Abstract: School Social Work Practice in Diverse Communities during COVID-19: Implications for Practice and Research (Society for Social Work and Research 26th Annual Conference - Social Work Science for Racial, Social, and Political Justice)

School Social Work Practice in Diverse Communities during COVID-19: Implications for Practice and Research

Sunday, January 16, 2022
Independence BR B, ML 4 (Marriott Marquis Washington, DC)
* noted as presenting author
Ashley-Marie Hanna Daftary, PhD, Assistant Professor, University of Nevada, Reno, Reno, NV
Stephanie Lechuga-Peña, PhD, Assistant Professor, Arizona State University, Phoenix, AZ
Jandel Crutchfield, PhD, LCSW, Assistant Professor, University of Texas at Arlington, Arlington, TX
Erin Sugrue, PhD, Assistant Professor, Augsburg University, Minneapolis, MN
Background: Research suggests that school social workers (SSWs) can play an important role in mitigating the negative mental health effects of COVID-19 (Ali et al., 2019; Burns et al., 1995; Haleemunnissa, Didel, Swami, Singh, & Vyas, 2020; Loades et al., 2020). Unfortunately, even as students have experienced increasing mental health difficulties related to the social consequences of COVID-19 (e.g., enforced isolation), SSWs have reported lower levels of student participation in social work services compared to before the pandemic (Jiao et al., 2020; Kelly et al., 2020; Loades et al., 2020; Nearchou et al., 2020). Other challenges faced by students, staff, and schools during the pandemic include: food insufficiency, health issues, and housing instability (Kelly et al., 2020). Subsequently, this research study aimed to understand how SSWs’ roles, responsibilities, and work tasks shifted during Spring 2020 distance learning to address students’ and families’ needs.

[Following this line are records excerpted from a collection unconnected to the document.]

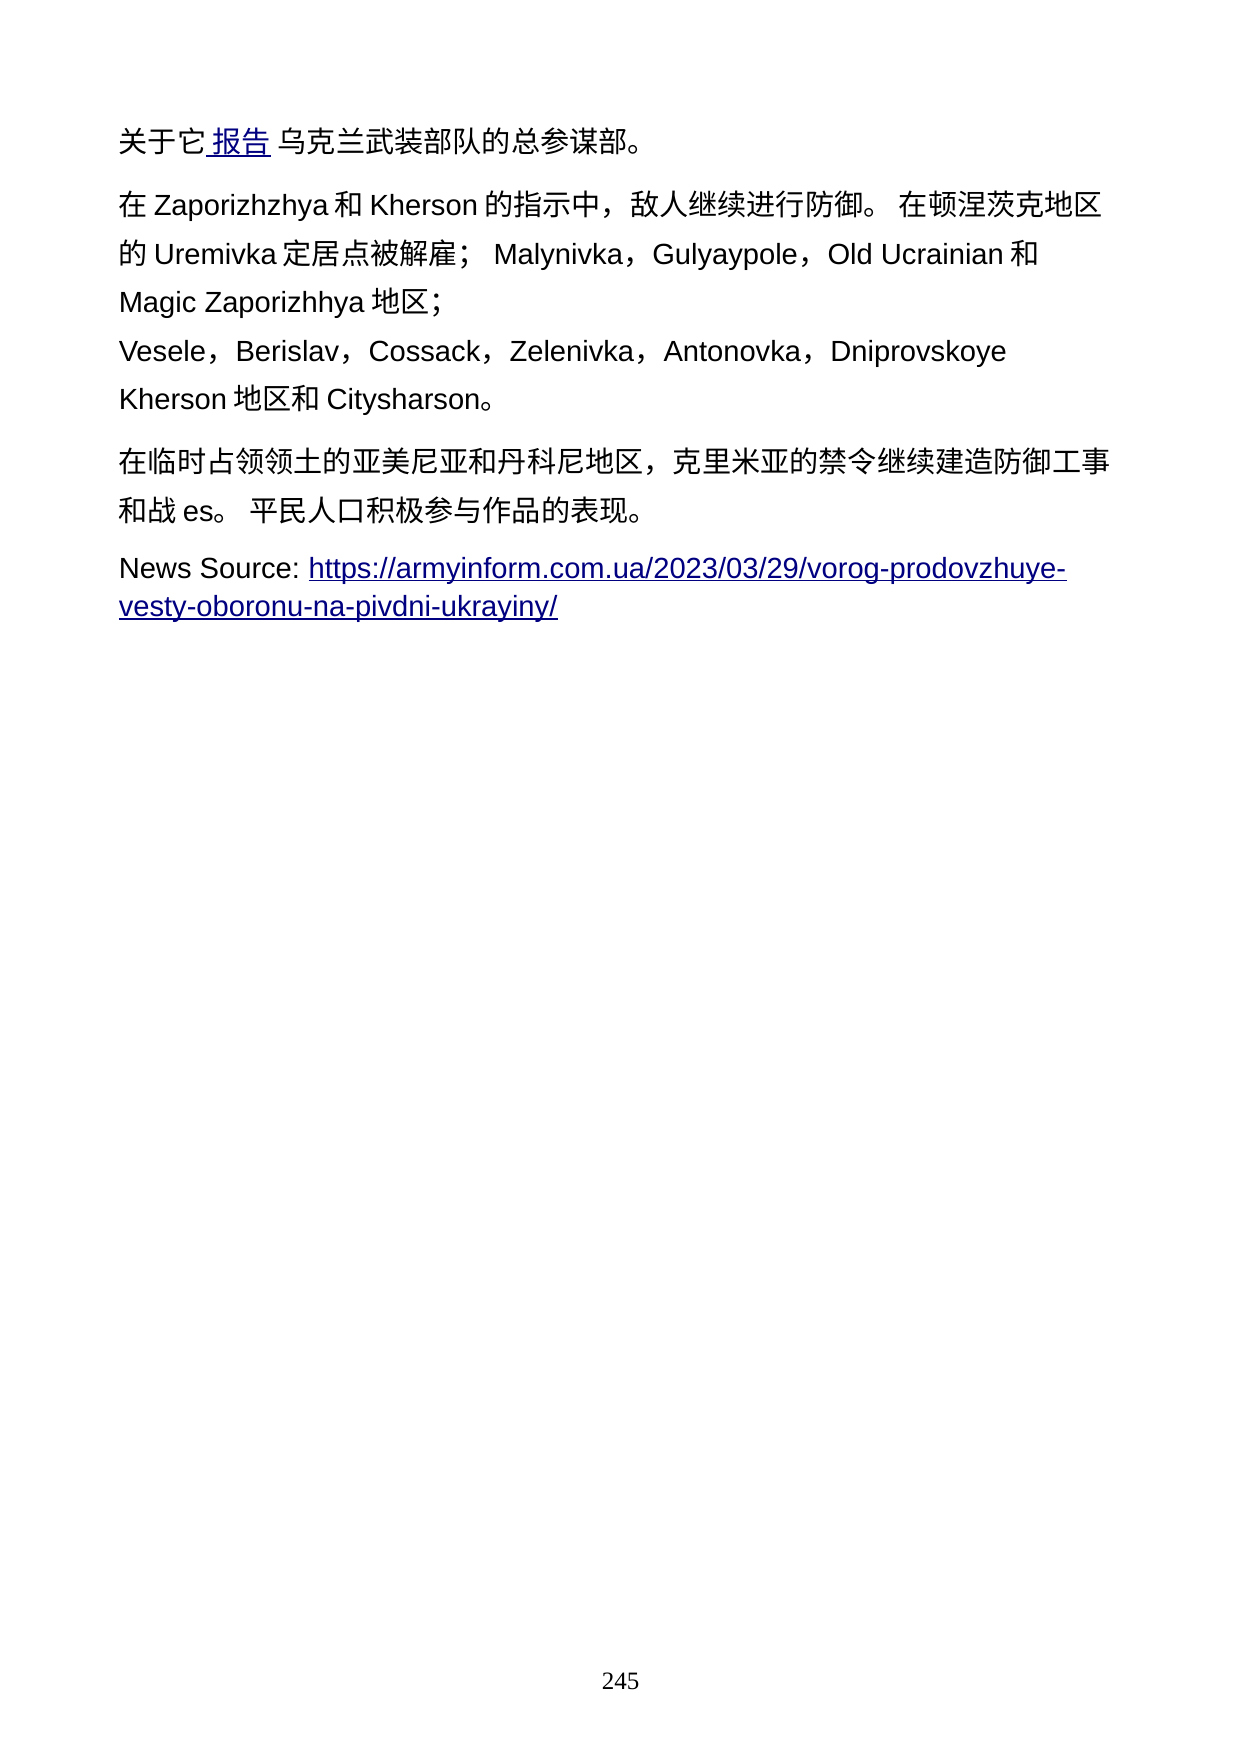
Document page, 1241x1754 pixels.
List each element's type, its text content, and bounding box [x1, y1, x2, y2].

text 在临时占领领土的亚美尼亚和丹科尼地区，克里米亚的禁令继续建造防御工事和战es。 平民人口积极参与作品的表现。 [118, 439, 1122, 530]
text 关于它 报告 乌克兰武装部队的总参谋部。 [118, 118, 1122, 161]
text News Source: https://armyinform.com.ua/2023/03/29/vorog-prodovzhuye-vesty-oboronu-na-pivdni-ukrayiny/ [118, 551, 1122, 623]
text 在Zaporizhzhya和Kherson的指示中，敌人继续进行防御。 在顿涅茨克地区的Uremivka定居点被解雇； Malynivka，Gulyaypole，Old Ucrainian和Magic Zaporizhhya地区； Vesele，Berislav，Cossack，Zelenivka，Antonovka，Dniprovskoye Kherson地区和Citysharson。 [118, 182, 1122, 418]
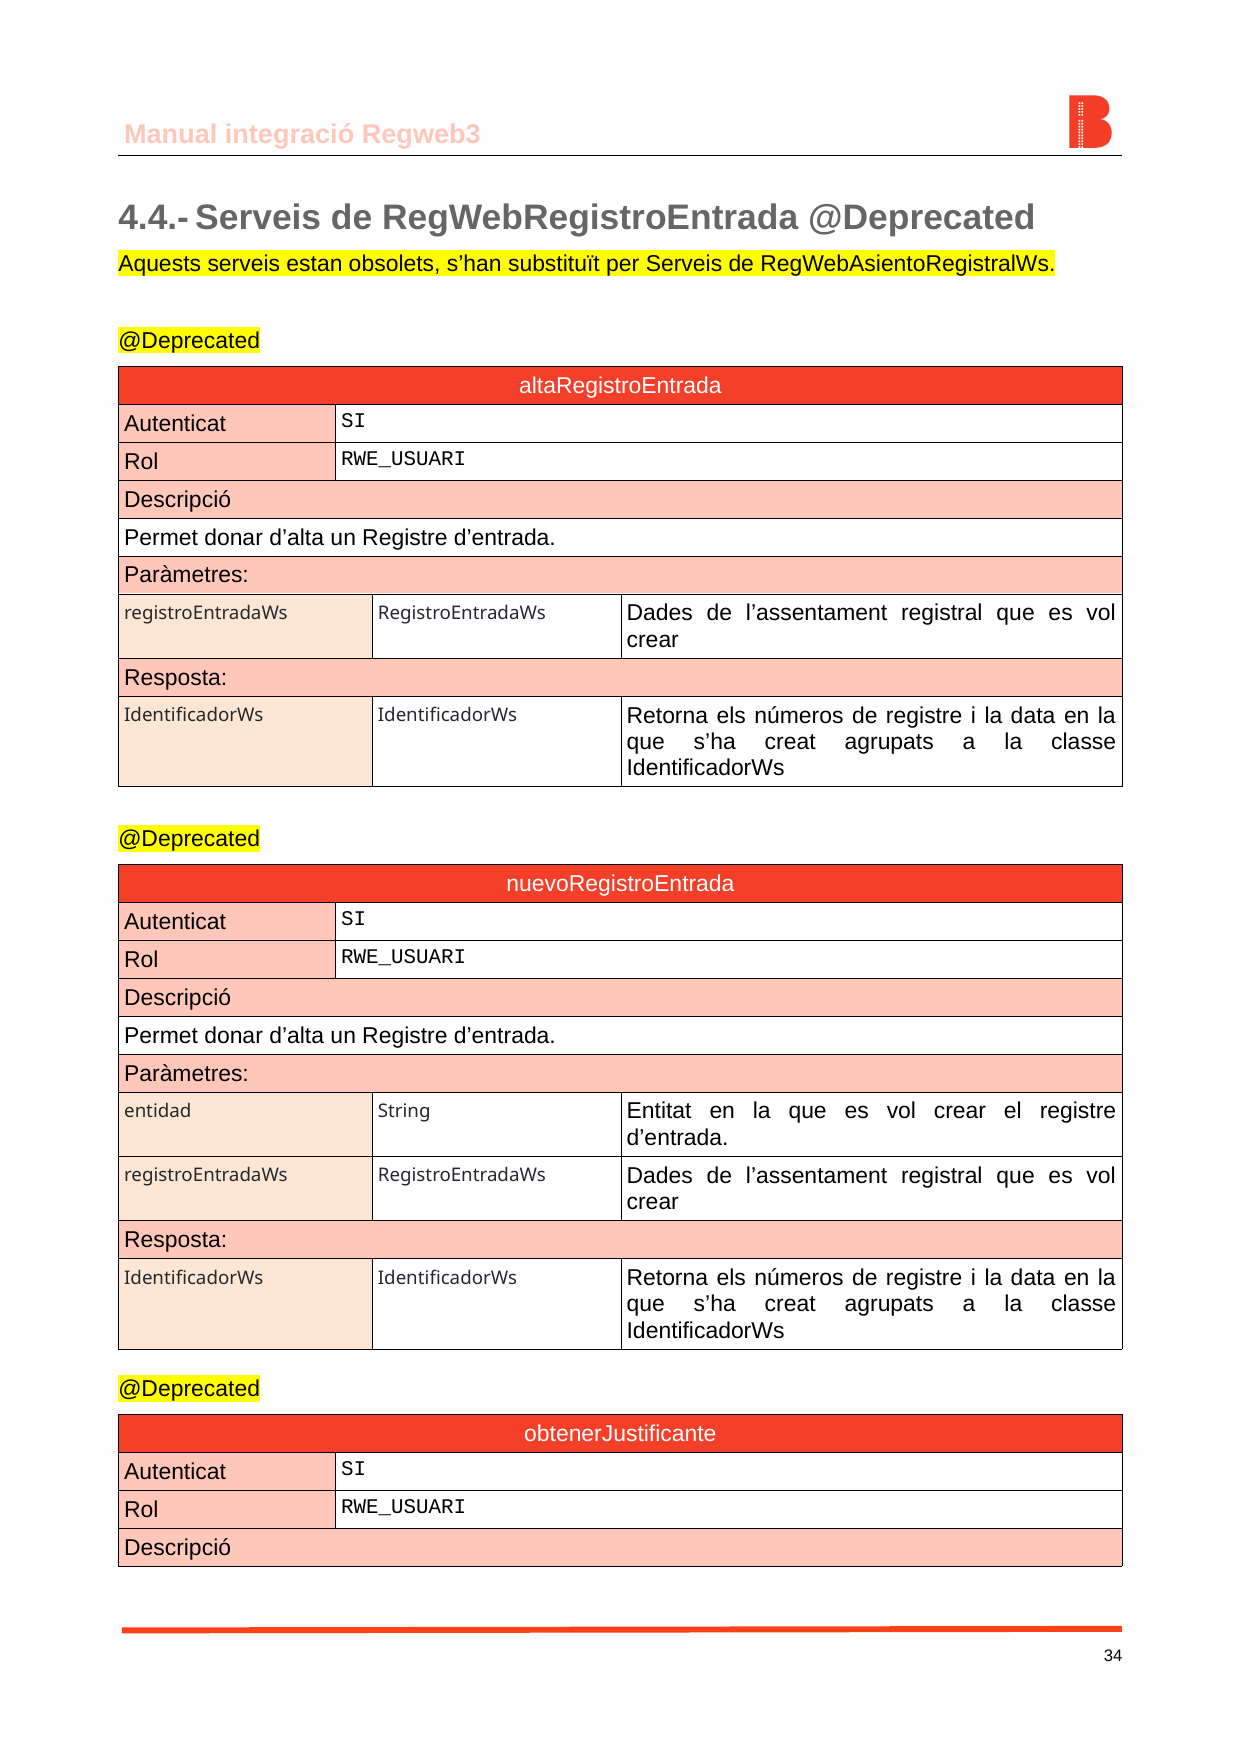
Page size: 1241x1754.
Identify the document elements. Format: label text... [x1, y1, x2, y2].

table_cell RegistroEntradaWs [373, 595, 621, 658]
table_header altaRegistroEntrada [119, 367, 1122, 404]
table_cell Dades de l’assentament registral que es vol crear [622, 1157, 1122, 1220]
table_cell Paràmetres: [119, 1055, 1122, 1092]
table_cell String [373, 1093, 621, 1156]
table_cell SI [336, 1453, 1122, 1490]
table_cell entidad [119, 1093, 372, 1156]
table_cell Autenticat [119, 903, 335, 940]
table_cell IdentificadorWs [119, 697, 372, 786]
table_cell SI [336, 405, 1122, 442]
table_cell Autenticat [119, 405, 335, 442]
table_cell IdentificadorWs [119, 1259, 372, 1349]
table_cell registroEntradaWs [119, 1157, 372, 1220]
table_cell Resposta: [119, 1221, 1122, 1258]
table_cell Retorna els números de registre i la data en la que s’ha creat agrupats a la classe IdentificadorWs [622, 1259, 1122, 1349]
table_cell Resposta: [119, 659, 1122, 696]
table_cell Paràmetres: [119, 557, 1122, 593]
text @Deprecated [118, 825, 1122, 852]
table_cell Autenticat [119, 1453, 335, 1490]
table_cell Retorna els números de registre i la data en la que s’ha creat agrupats a la classe IdentificadorWs [622, 697, 1122, 786]
table_cell Permet donar d’alta un Registre d’entrada. [119, 1017, 1122, 1054]
table_cell IdentificadorWs [373, 1259, 621, 1349]
table_header obtenerJustificante [119, 1415, 1122, 1452]
subtitle Serveis de RegWebRegistroEntrada @Deprecated [118, 196, 1122, 237]
table_cell Descripció [119, 481, 1122, 518]
text @Deprecated [118, 1375, 1122, 1402]
table_cell Descripció [119, 979, 1122, 1016]
table_cell RWE_USUARI [336, 443, 1122, 480]
table_cell Descripció [119, 1529, 1122, 1566]
table_cell RegistroEntradaWs [373, 1157, 621, 1220]
table_cell registroEntradaWs [119, 595, 372, 658]
table_cell Rol [119, 941, 335, 978]
table_cell Rol [119, 443, 335, 480]
table_cell RWE_USUARI [336, 941, 1122, 978]
text @Deprecated [118, 327, 1122, 353]
table_cell Permet donar d’alta un Registre d’entrada. [119, 519, 1122, 556]
table_cell Rol [119, 1491, 335, 1528]
table_header nuevoRegistroEntrada [119, 865, 1122, 902]
table_cell SI [336, 903, 1122, 940]
picture [1063, 94, 1117, 150]
table_cell Entitat en la que es vol crear el registre d’entrada. [622, 1093, 1122, 1156]
table_cell Dades de l’assentament registral que es vol crear [622, 595, 1122, 658]
table_cell IdentificadorWs [373, 697, 621, 786]
table_cell RWE_USUARI [336, 1491, 1122, 1528]
text Aquests serveis estan obsolets, s’han substituït per Serveis de RegWebAsientoRegistralWs. [118, 249, 1122, 276]

Methods: An exploratory qualitative research design was used to investigate SSWs’ experiences during the COVID-19 pandemic. Twenty SSWs across three states participated in 37 key informant interviews in the Spring and Fall Semesters of 2020. Three quarters of the SSWs (n=15, 75%) were white and three quarters (n=15, 75%) worked in schools that served majority Students of Color. The audio was transcribed and uploaded to Atlas.ti for data management. The data was analyzed using a constant comparative approach, including three coding cycles (Saldaña, 2009).

Findings: Participant narratives revealed that SSWs’ interactions with both students and their parents changed dramatically throughout the COVID-19 pandemic. One of the most substantial shifts in school social work practice related to increased contact and interaction with students’ parents, particularly in the months following the physical closure of schools. Increased communication with parents centered around two major activities: (1) food assistance and other resource referrals for families and (2) parent check-ins and coaching. A second major shift relates to SSWs practice with students. Not only did their contact with students decrease, their mode of communication with students also changed. Most regular tier 2 (small group) and tier 3 (individual) meetings with students took place via video conference (also described as synchronous virtual meetings or telehealth sessions). The findings highlight the barriers SSWs encountered when providing social-emotional telehealth interventions, including poor attendance resulting in ineffective group interventions, technology-specific barriers, and concerns regarding students’ privacy. In addition, participants indicated an awareness of increasing health and educational disparities for students and families (i.e., based on socio-economic status, race, and immigrant status) during the pandemic and the many barriers they face in addressing these disparities in their daily practice prior to and during the COVID-19 pandemic.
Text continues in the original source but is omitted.